### Task details
Return all lines below containing the word "object".

### Task material

● ● ●

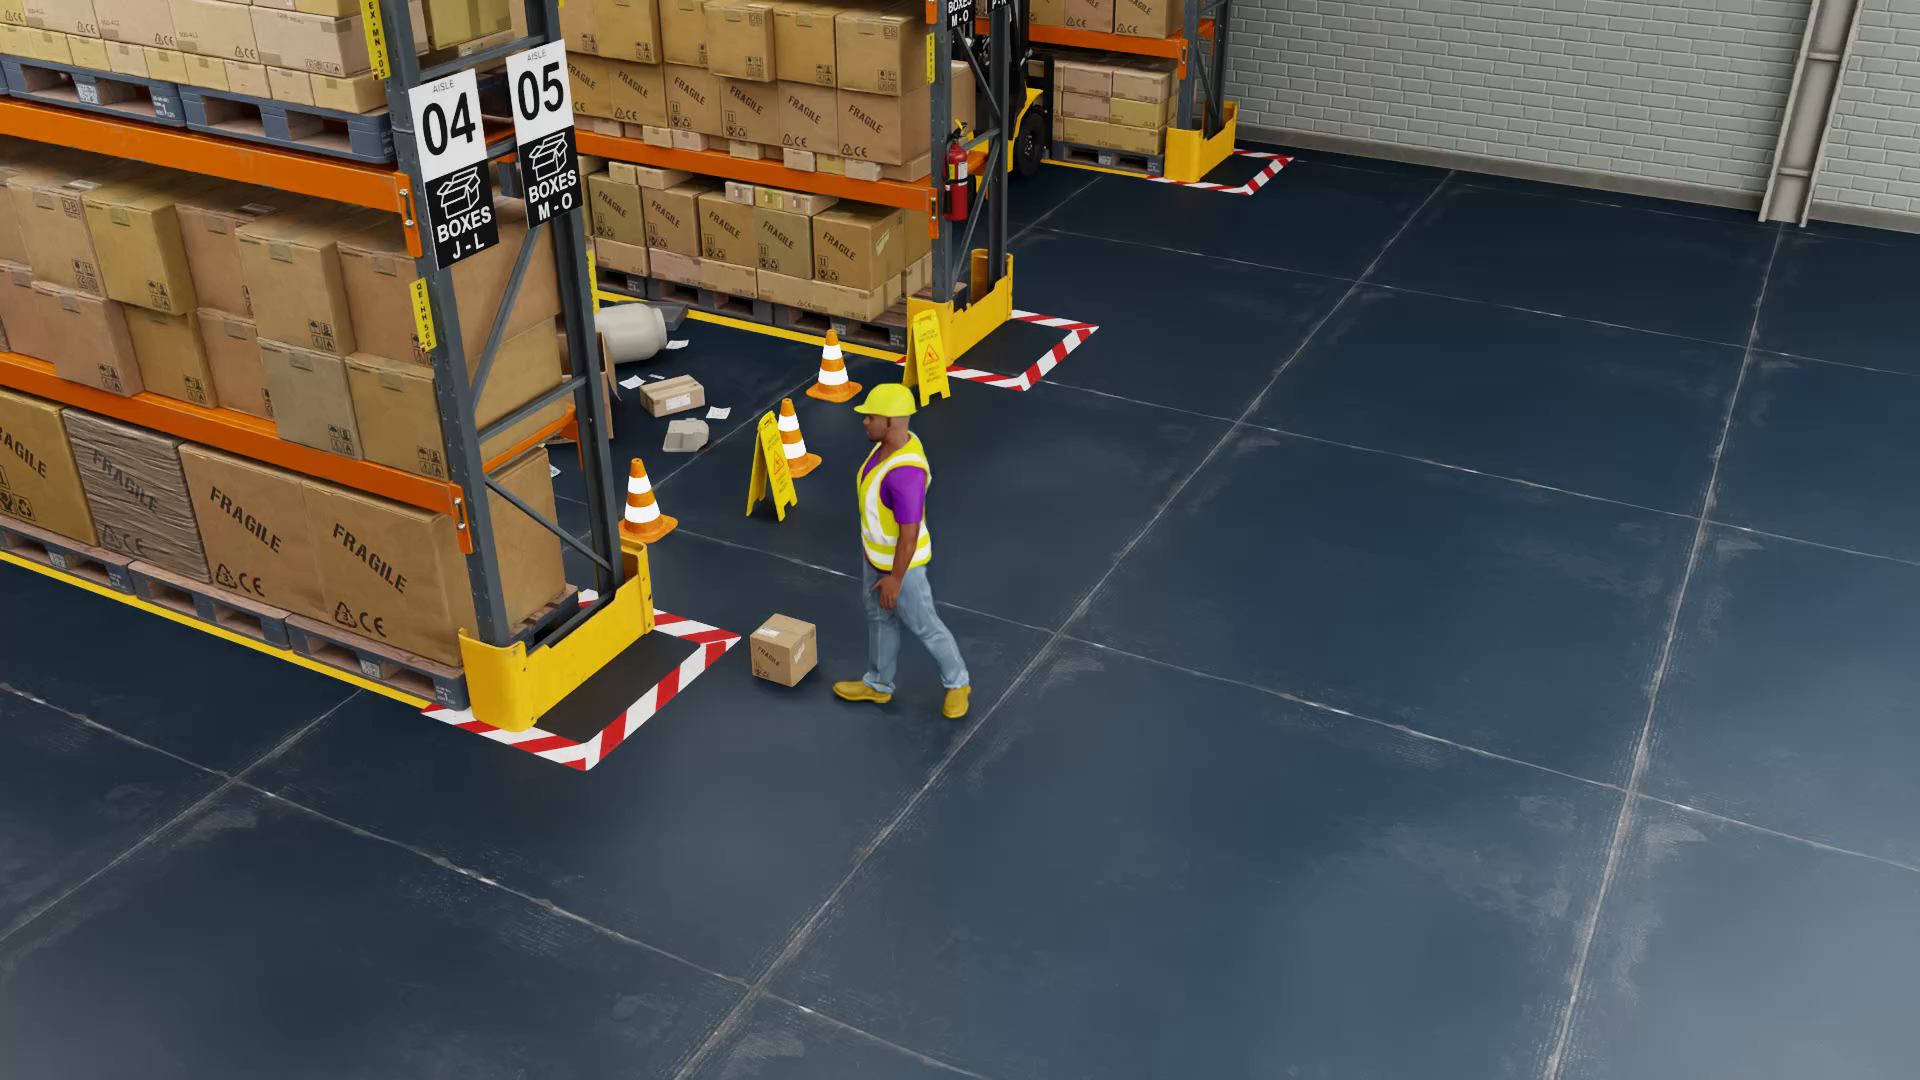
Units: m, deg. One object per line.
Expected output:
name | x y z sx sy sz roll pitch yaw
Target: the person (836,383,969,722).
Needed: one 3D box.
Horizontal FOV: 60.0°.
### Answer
person | -0.299 0.057 8.163 0.680 1.757 0.649 -2 30 -3
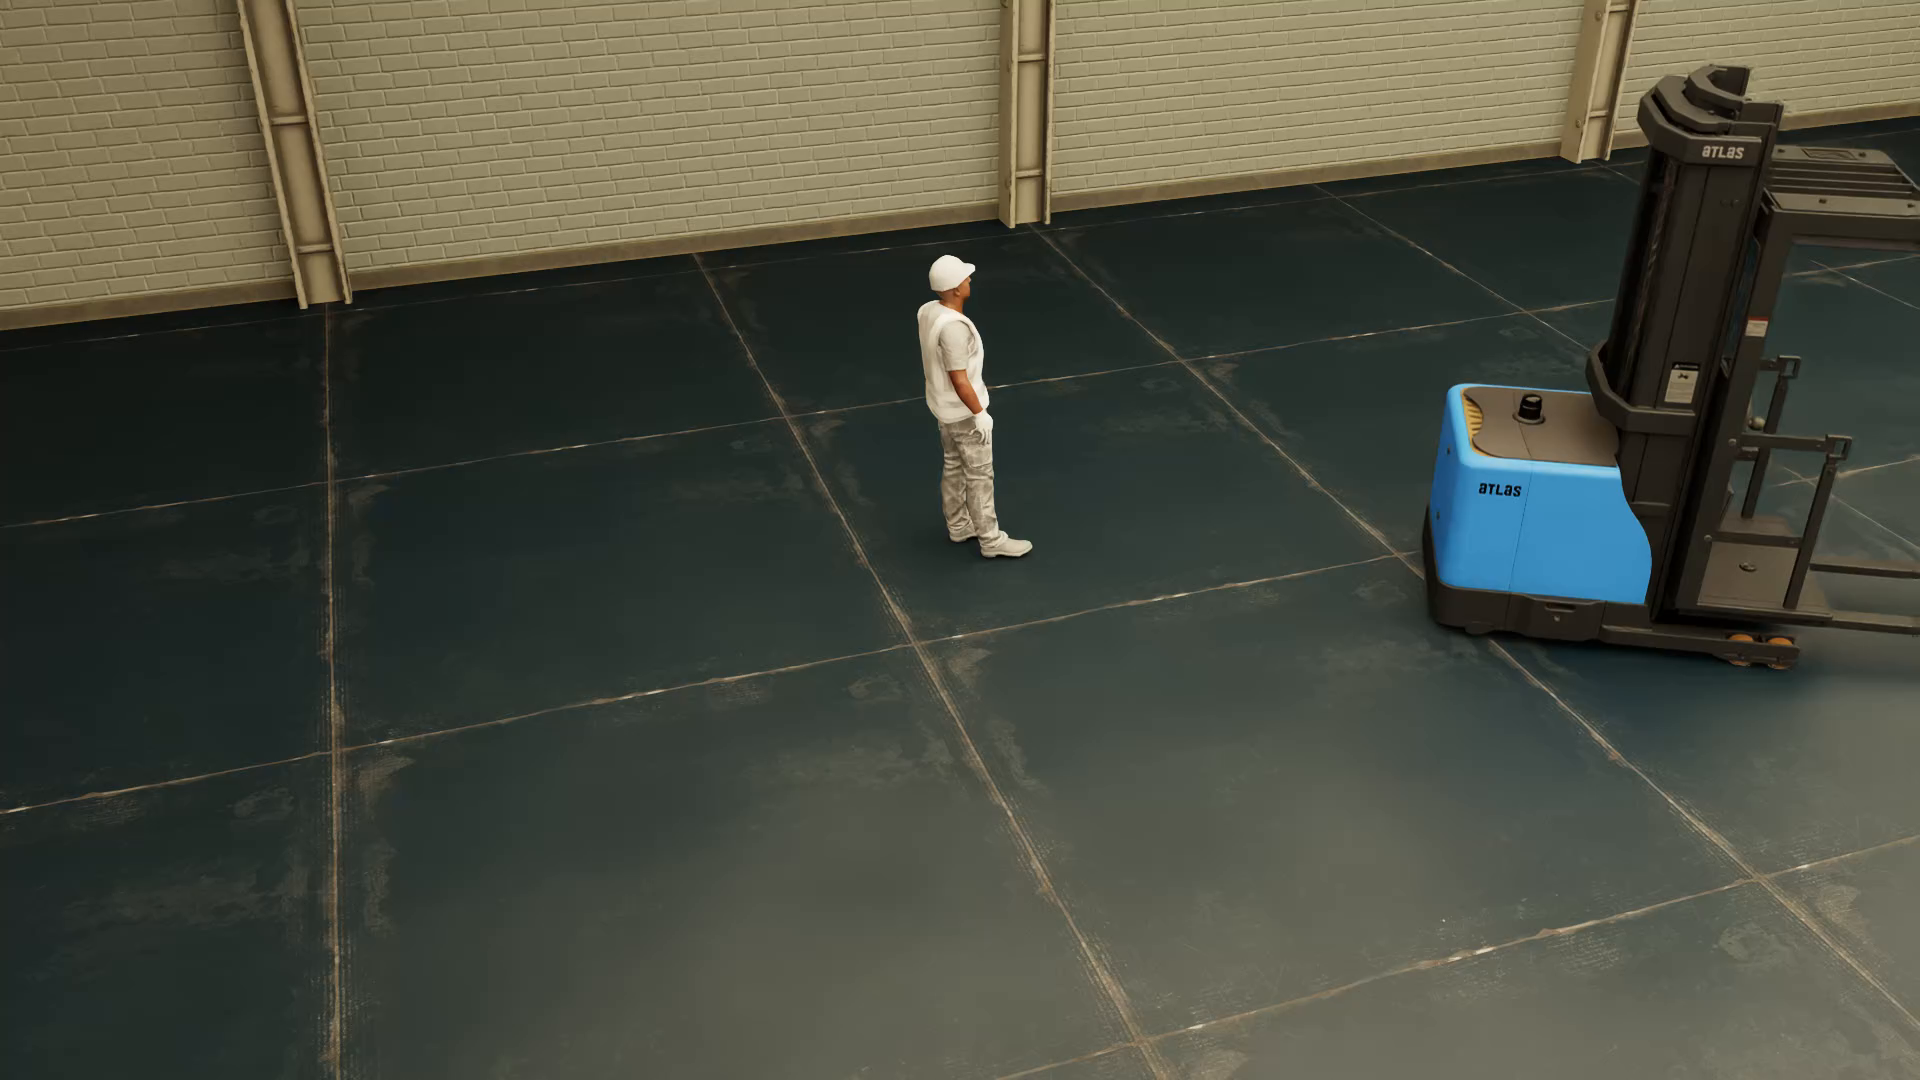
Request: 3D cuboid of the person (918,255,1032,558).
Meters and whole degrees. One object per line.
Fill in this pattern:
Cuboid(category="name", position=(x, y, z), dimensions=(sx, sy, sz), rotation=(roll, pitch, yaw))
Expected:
Cuboid(category="person", position=(0.071, -0.786, 9.590), dimensions=(0.577, 1.782, 0.656), rotation=(-10, 31, -16))

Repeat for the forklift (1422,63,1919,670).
Cuboid(category="forklift", position=(4.160, -0.871, 8.600), dimensions=(3.031, 2.935, 1.130), rotation=(5, 30, 9))

● ● ●

### Response to the task
Units: m, deg. One object per line.
Meters and whole degrees. One object per line.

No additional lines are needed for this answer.